Saturday, February 25, 2012

Upon This Gospel

Blessed are you, Simon Bar-Jonah, for flesh and blood has not revealed this to you, but My Father who is in heaven. And I also say to you that you are Peter, and on this rock I will build My church, and the gates of Hades shall not prevail against it. And I will give you the keys of the kingdom of heaven, and whatever you bind on earth will be bound in heaven, and whatever you loose on earth will be loosed in heaven. (Matthew 16:17-18)

Jesus asked the disciples what people were saying about who He was. “Some say John the Baptist, some Elijah, and others Jeremiah or one of the prophets,” they answered.
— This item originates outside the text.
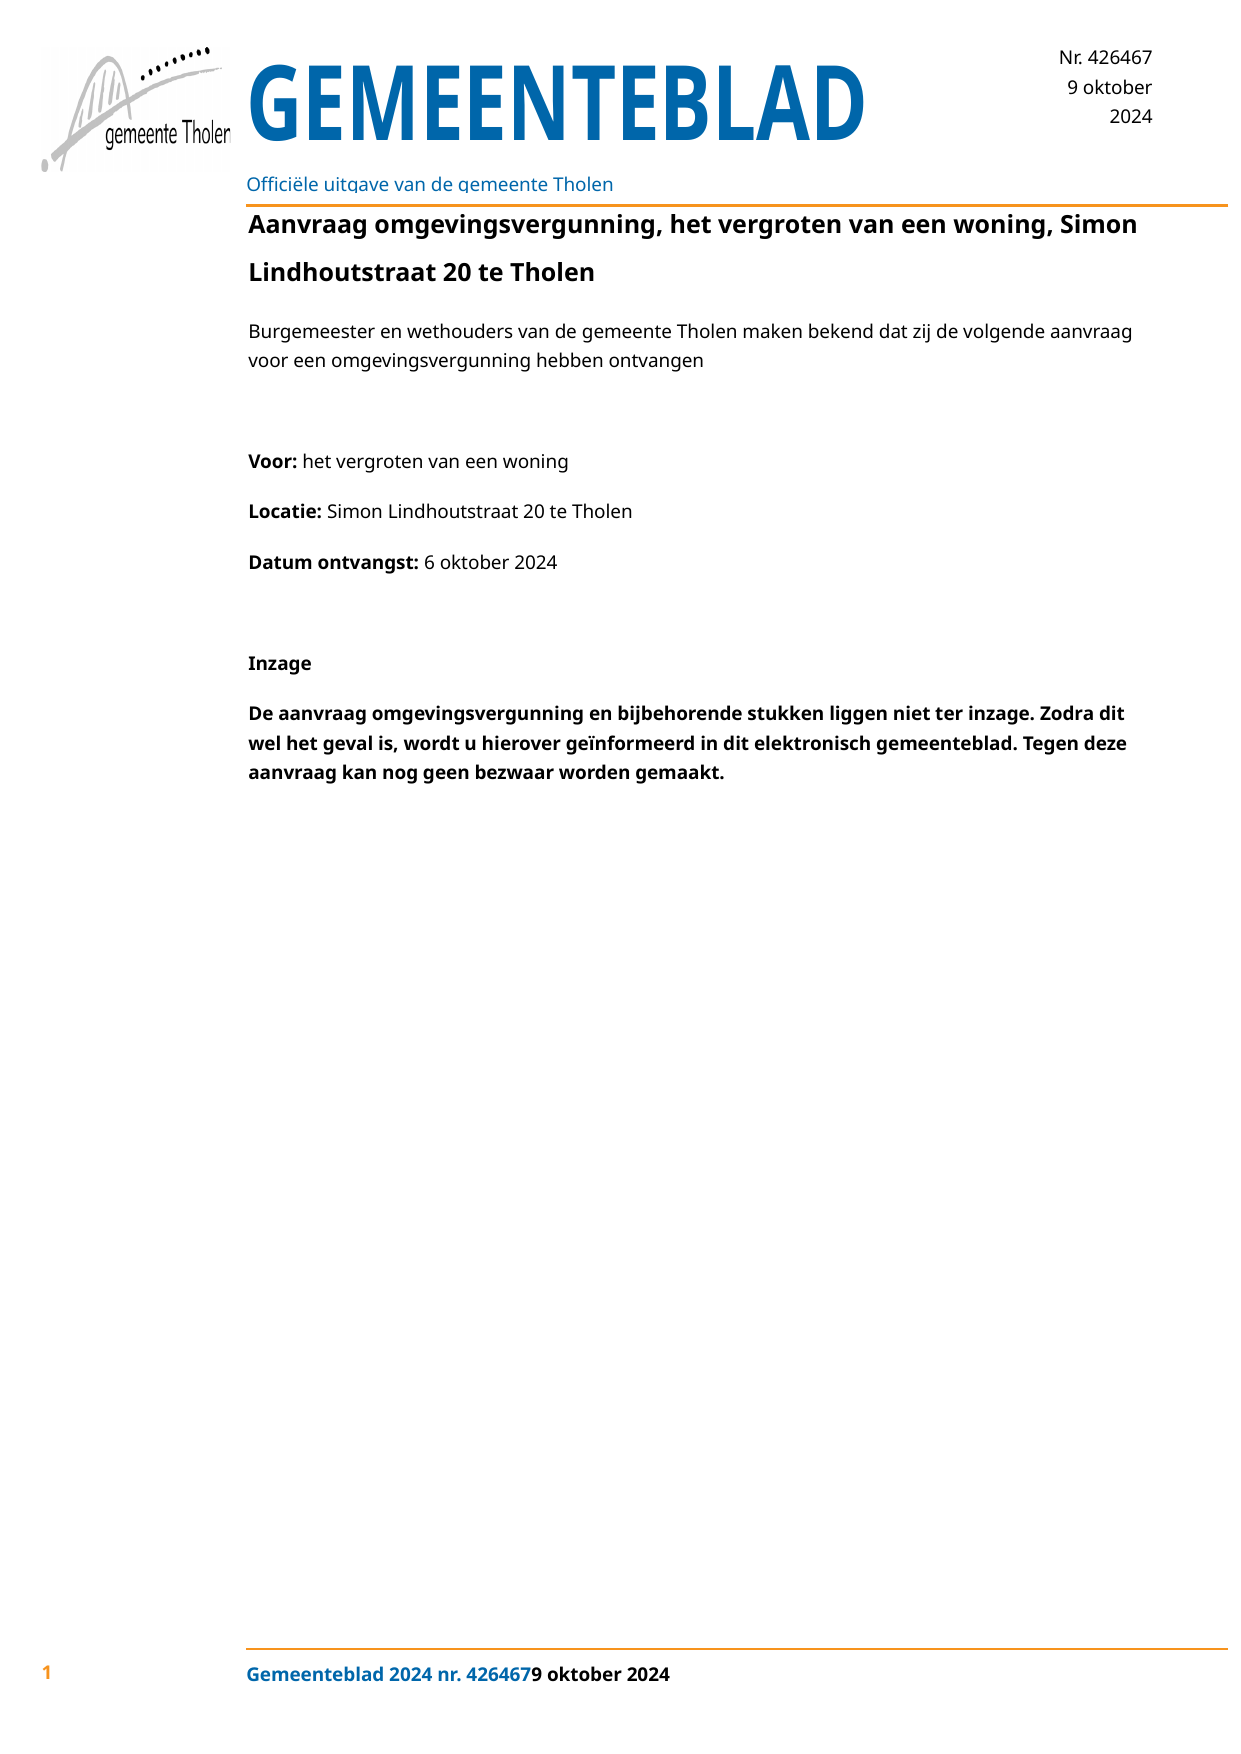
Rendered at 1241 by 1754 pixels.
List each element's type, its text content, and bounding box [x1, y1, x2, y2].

These were not bad answers. They all ran in the right direction, but they did not go nearly far enough.

“But who do you say that I am?” Jesus asked. The first question was a setup but this next question was what Jesus was really after. How far had the disciples progressed in their understanding about Him?

Peter stepped forward and opened his mouth. No one was surprised, that was how Peter was. But what he said was a surprise, perhaps even to himself. He answered, “You are the Christ, the Son of the Living God!”

Understand this in the context of a Jewish book written to a largely Jewish group of people. Understand it in the context of the messianic expectation of the Old Testament. Understand it, for instance, in the context of Psalm 2, a messianic psalm. There, God speaks of His Anointed, against whom the kings and rulers of the earth were conspiring (Psalm 2:2). But God laughs at them and says, “Yet I have set My King on My holy hill of Zion” (Psalm 2:6). Then David, the psalm writer, says,
I will declare the decree:
The LORD has said to Me,
“You are My Son,
Today I have begotten You.
Ask of Me, and I will give You
The nations for Your inheritance,
And the ends of the earth for Your possession.
You shall break them with a rod of iron;
You shall dash them to pieces like a potter’s vessel.”
(Psalm 2:7-9)
The Anointed, whom God calls “My Son,” is to be King over all the nations of the earth. Now, with that in mind, listen to Peter’s confession again: “You are the Christ [the Anointed One], the Son of the Living God.” He suddenly understood that Jesus is God’s Messiah, God’s Son, God’s King. The One Israel had long awaited, who would deliver His people and rule over the nations.

This has everything to do with the kingdom of God, His rule and reign over all the earth, which has been Matthew’s subject from the beginning of his gospel account. The genealogy in Matthew establishes the lineage of Jesus as the one who fulfills the promise God made to Abraham, Isaac, Jacob, then on through Judah, to King David and beyond. In Matthew 2, the magi recognize Jesus as a long-prophesied king. In Matthew 4, Jesus begins His ministry preaching, “Repent, for the kingdom of heaven is at hand” (Matthew 4:17). His entire ministry is focused on the kingdom, teaching about it through parables and demonstrating it through healing, signs and wonders. At the end, after the cross and the resurrection, but before He ascended to heaven, Jesus declared to the disciples, “All power has been given to me in heaven and on earth” (Matthew 28:18). The is the language of the King rising to His throne.

But in the middle of the book, Peter finally gets it. Not because he is astute. Not because he is impulsive Peter. It comes to him as a gift, a divine revelation. “For flesh and blood has not revealed this to you, but My Father who is in heaven,” Jesus said. It comes at a kairos point, a pregnant moment in a propitious time. Jesus has been preaching and teaching and saying and doing the kingdom all along, but now Peter finally recognizes that Jesus is the King. This is essence of the gospel, the good news proclamation that the kingdom of God has come to fulfill the promise of God, and Jesus is God’s Anointed King, come to set the world right.

Now Jesus can build on this revelation and, indeed, He speaks in terms of building. “And I also say to you that you are Peter, and on this rock I will build My church.” This is where Peter gets his name, which means “Rock.” He has received the rock-solid, foundational revelation from the Father: Jesus is the Messiah, Jesus is the Son of God, Jesus is the Anointed King. And on this rock, this revelation — this gospel! — Jesus builds His church, His ekklesia (or ecclesia).